Commentary: A case of canine writer's block

"Yo! Jasper!" I commanded, using a voice originally concocted to discourage peeing on the floor. "Do something literary."

As an inducement, I held out an all-natural dog biscuit, an overpriced gourmet treat clearly meant for erudite animals that command special entree into the book publishing world (possibly with their own agents).

Yet, I was ready to lavish an organic dog cookie on an unpublished mutt. All I wanted in return was inspiration. A heartwarming anecdote. A few biting remarks.

My canine muse did not amuse. He assumed his usual hang-dog expression and sat back on his haunches – his lone trick other than a frenzied response to the distant sound of a FedEx truck. "Not exactly a compelling portfolio," I muttered. "Not quite the stuff of a can't-miss book proposal."

Meanwhile, whole packs of dogs are fetching fat book deals for hack writers.

A certain golden retriever has given a famous thriller writer another cushion against the recession with Bliss to You: Trixie's Guide to a Happy Life, by Trixie Koontz as told to Dean Koontz.
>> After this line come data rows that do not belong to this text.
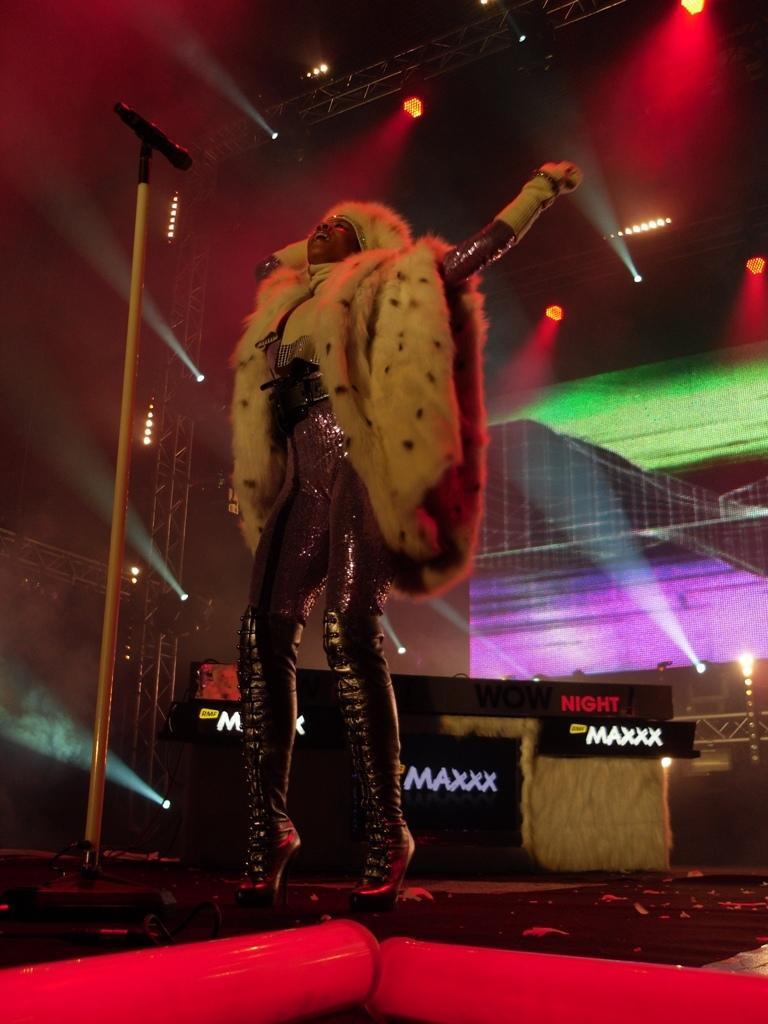Who is the main subject in the image? There is a woman in the image. What is the woman doing in the image? The woman is standing near a microphone. What can be seen at the top of the image? There are lights visible at the top of the image. Where is the scarecrow located in the image? There is no scarecrow present in the image. What activity is the boy participating in during recess in the image? There is no boy or recess depicted in the image. 
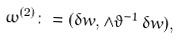<formula> <loc_0><loc_0><loc_500><loc_500>\omega ^ { ( 2 ) } \colon = ( \delta w , \wedge \vartheta ^ { - 1 } \, \delta w ) ,</formula> 
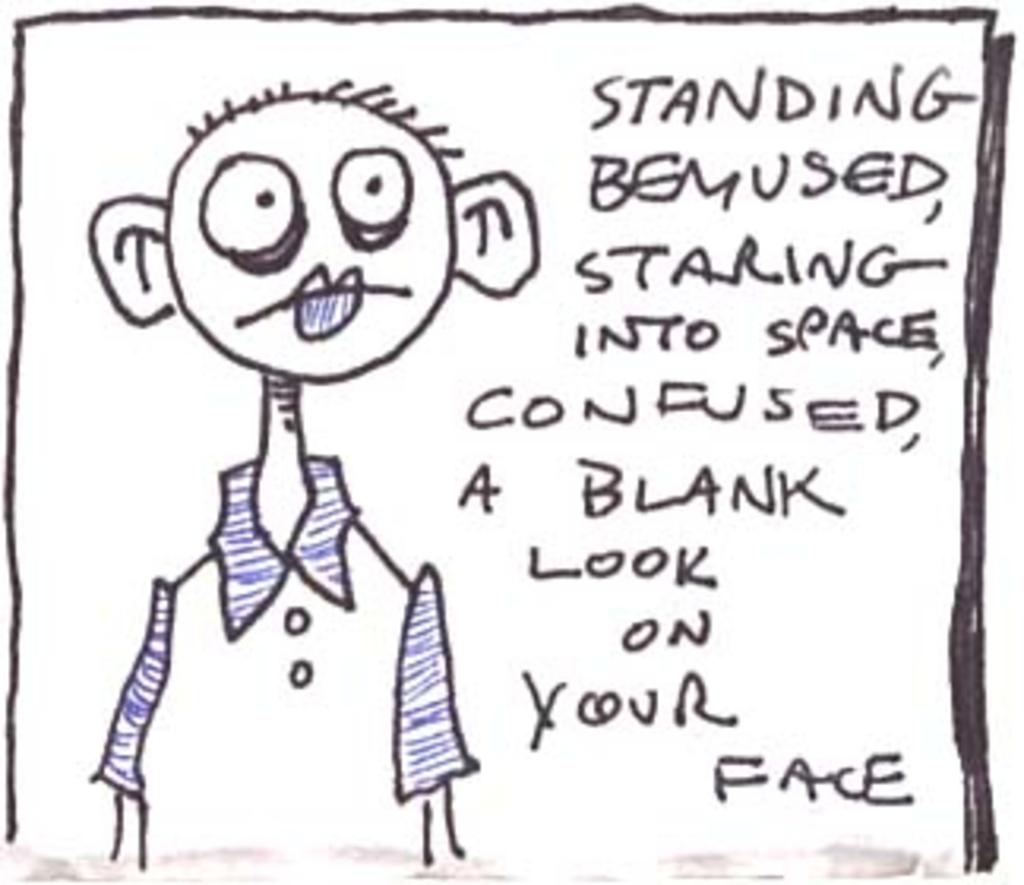What type of image is depicted in the picture? There is a cartoon drawing in the image. What else can be seen in the image besides the cartoon drawing? There is something written on a paper in the image. How does the cartoon character feel about their upcoming holiday? There is no information about a holiday or the cartoon character's feelings in the image.

Other dog collaborators this year include Rick Bass, Denis Johnson, Jon Katz, Abigail Thomas and Antonya Nelson.

There's Nan Martin's memoir of a former street dog named Squirrel: A Dog's Life: Autobiography of a Stray. (I'd like to note that I also have a former street dog, a rotund black creature of indeterminate breed that despite a literary name [Zora] has produced no memoir of her days roaming the mean alleys of Miami).
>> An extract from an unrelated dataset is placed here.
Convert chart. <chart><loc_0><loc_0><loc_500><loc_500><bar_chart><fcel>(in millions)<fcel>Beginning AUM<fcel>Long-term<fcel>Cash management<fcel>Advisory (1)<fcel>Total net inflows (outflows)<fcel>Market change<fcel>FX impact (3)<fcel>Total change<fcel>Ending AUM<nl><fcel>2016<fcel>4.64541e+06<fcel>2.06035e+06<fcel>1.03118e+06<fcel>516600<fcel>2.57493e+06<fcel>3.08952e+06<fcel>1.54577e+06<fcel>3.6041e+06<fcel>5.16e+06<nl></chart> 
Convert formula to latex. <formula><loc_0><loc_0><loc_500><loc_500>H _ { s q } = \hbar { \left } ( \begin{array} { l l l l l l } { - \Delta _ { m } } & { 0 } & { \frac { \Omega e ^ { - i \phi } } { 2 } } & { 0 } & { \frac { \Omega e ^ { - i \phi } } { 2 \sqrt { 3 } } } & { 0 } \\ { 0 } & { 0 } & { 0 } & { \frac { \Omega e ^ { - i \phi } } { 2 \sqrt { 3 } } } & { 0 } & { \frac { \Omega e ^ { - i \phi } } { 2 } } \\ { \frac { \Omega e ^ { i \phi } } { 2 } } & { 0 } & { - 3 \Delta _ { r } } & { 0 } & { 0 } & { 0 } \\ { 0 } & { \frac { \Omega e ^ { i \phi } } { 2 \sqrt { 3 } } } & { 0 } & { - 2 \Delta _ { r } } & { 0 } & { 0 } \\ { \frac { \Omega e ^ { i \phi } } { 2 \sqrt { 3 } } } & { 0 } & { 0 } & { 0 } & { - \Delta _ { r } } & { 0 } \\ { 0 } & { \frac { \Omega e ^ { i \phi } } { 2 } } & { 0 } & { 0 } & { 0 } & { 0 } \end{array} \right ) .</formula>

Washington Post columnist (and former Miami Herald editor) Gene Weingarten joined the chase with Old Dogs Are the Best Dogs. Former New York Times columnist Anna Quindlen countered with Good Dog, Stay, in which her dog, unlike mine, imparts great lessons. "What I learned from watching Beau over his lifetime: to roll with the punches (if not in carrion), to take things as they come, to measure myself not in terms of the past or the future but of the present, to raise my nose in the air from time to time and, at least metaphorically, holler, 'I smell bacon!'"

Jasper, meanwhile, has taught me to bark at the UPS man.
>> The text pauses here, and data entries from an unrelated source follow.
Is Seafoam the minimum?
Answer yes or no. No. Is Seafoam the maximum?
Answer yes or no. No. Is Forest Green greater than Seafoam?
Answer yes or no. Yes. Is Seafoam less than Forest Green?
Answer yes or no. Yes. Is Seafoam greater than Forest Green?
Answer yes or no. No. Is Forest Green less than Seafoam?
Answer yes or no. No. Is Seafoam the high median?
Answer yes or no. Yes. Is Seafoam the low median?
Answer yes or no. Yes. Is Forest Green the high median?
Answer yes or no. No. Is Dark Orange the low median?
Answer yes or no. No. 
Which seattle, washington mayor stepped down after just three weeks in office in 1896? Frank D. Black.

I suppose what makes Jasper's literary failure so galling is that this latest outbreak of dog genre started with John Grogan's much-too-heartwarming Marley & Me. Grogan used to be my counterpart as a local page columnist for the Sun Sentinel. He struck me back then as a nice writer without a lot to say. At least not in the way of biting, pit bull commentary worthy of our local shenanigans.

But what Grogan had, apparently, was a dog bent on making him rich. His dog stayed on the bestseller list for 52 weeks.

Walk into a bookstore lately and two more Marley books (for children) pounce on you. And the Marley & Me movie opens Christmas Day with Grogan's character paired up with Jennifer Aniston.

"Jennifer Aniston, for God's sake," I yelled at Jasper. But Jasper, a vague imitation of a Dalmatian, still refused to indulge in either funny-but-poignant or teary-eyed maudlin – necessary tricks for a doggie bestseller.

I might take him to the vet. She'll ask, "What's the problem?"

"My dog's got it bad," I'll explain. "An acute case of writer's block."